- Opening Delimiter -
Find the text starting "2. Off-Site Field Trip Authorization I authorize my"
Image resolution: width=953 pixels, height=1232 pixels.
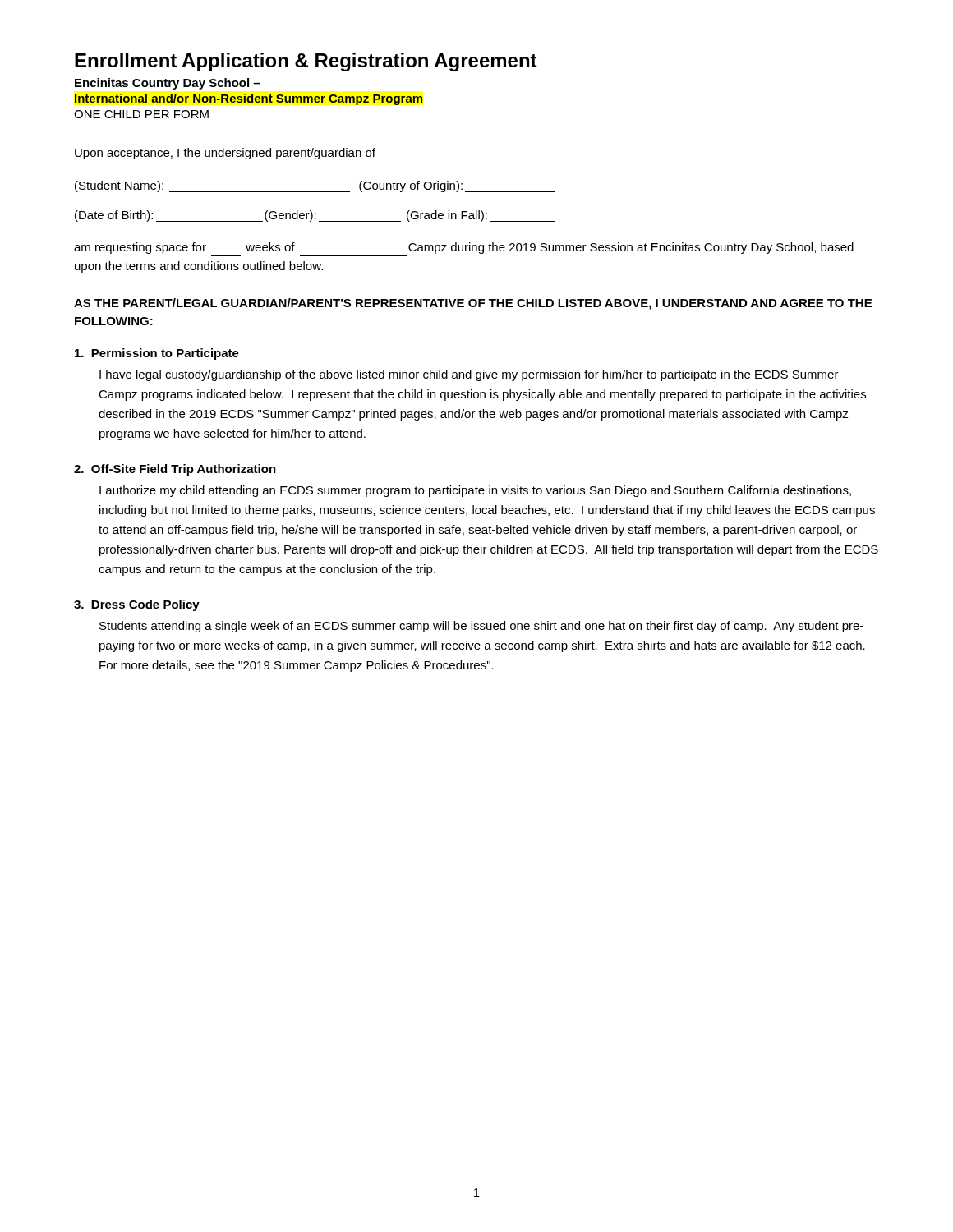coord(476,520)
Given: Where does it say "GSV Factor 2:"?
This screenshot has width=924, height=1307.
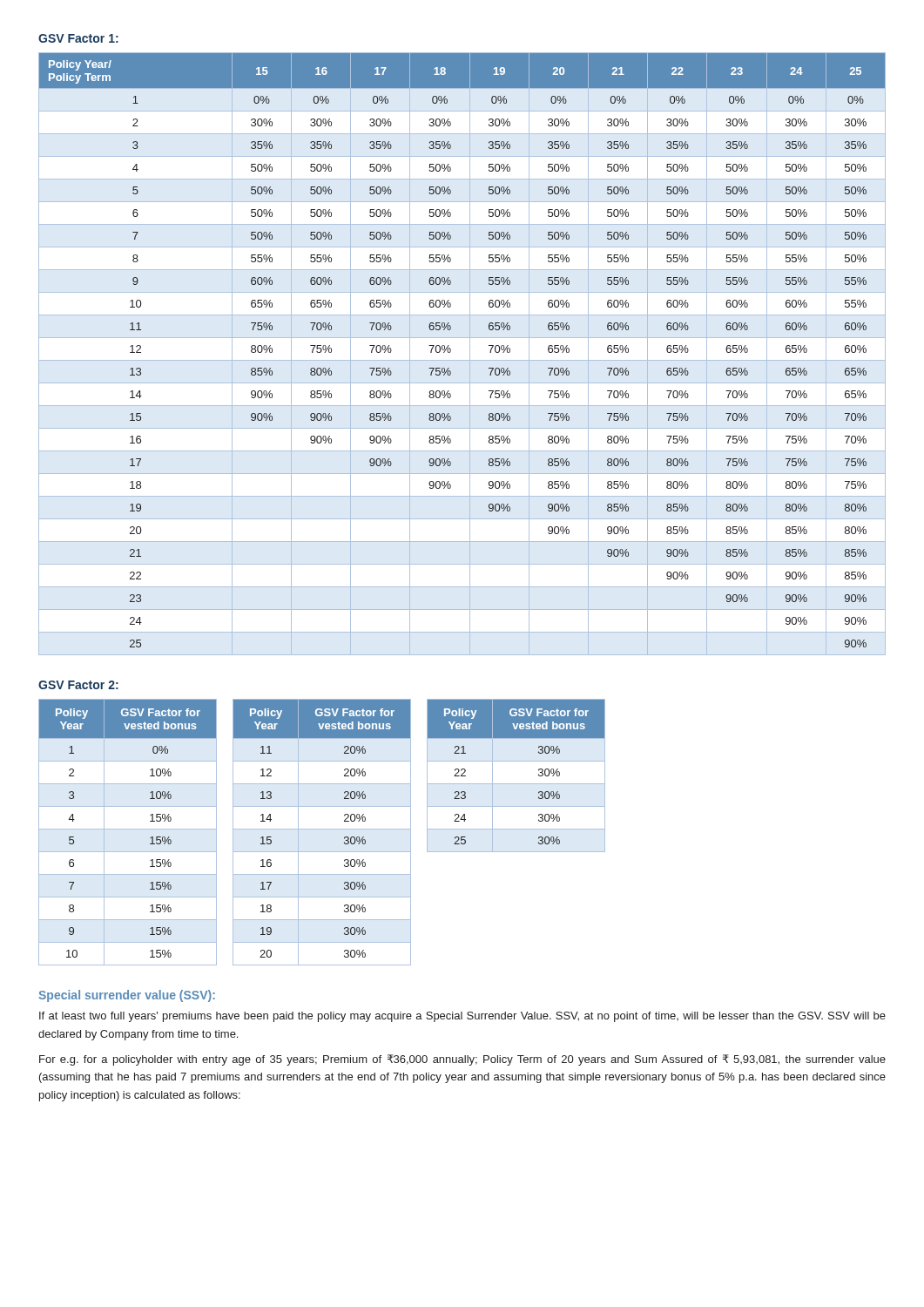Looking at the screenshot, I should [x=79, y=685].
- Closing Delimiter -
Brief
Write the data above out again exactly, every line of it, and exclude the pictures.

Task answer
Find the text starting "2. Off-Site Field Trip Authorization I authorize my"
Image resolution: width=953 pixels, height=1232 pixels.
coord(476,520)
Given: Where does it say "GSV Factor 2:"?
This screenshot has width=924, height=1307.
Looking at the screenshot, I should [x=79, y=685].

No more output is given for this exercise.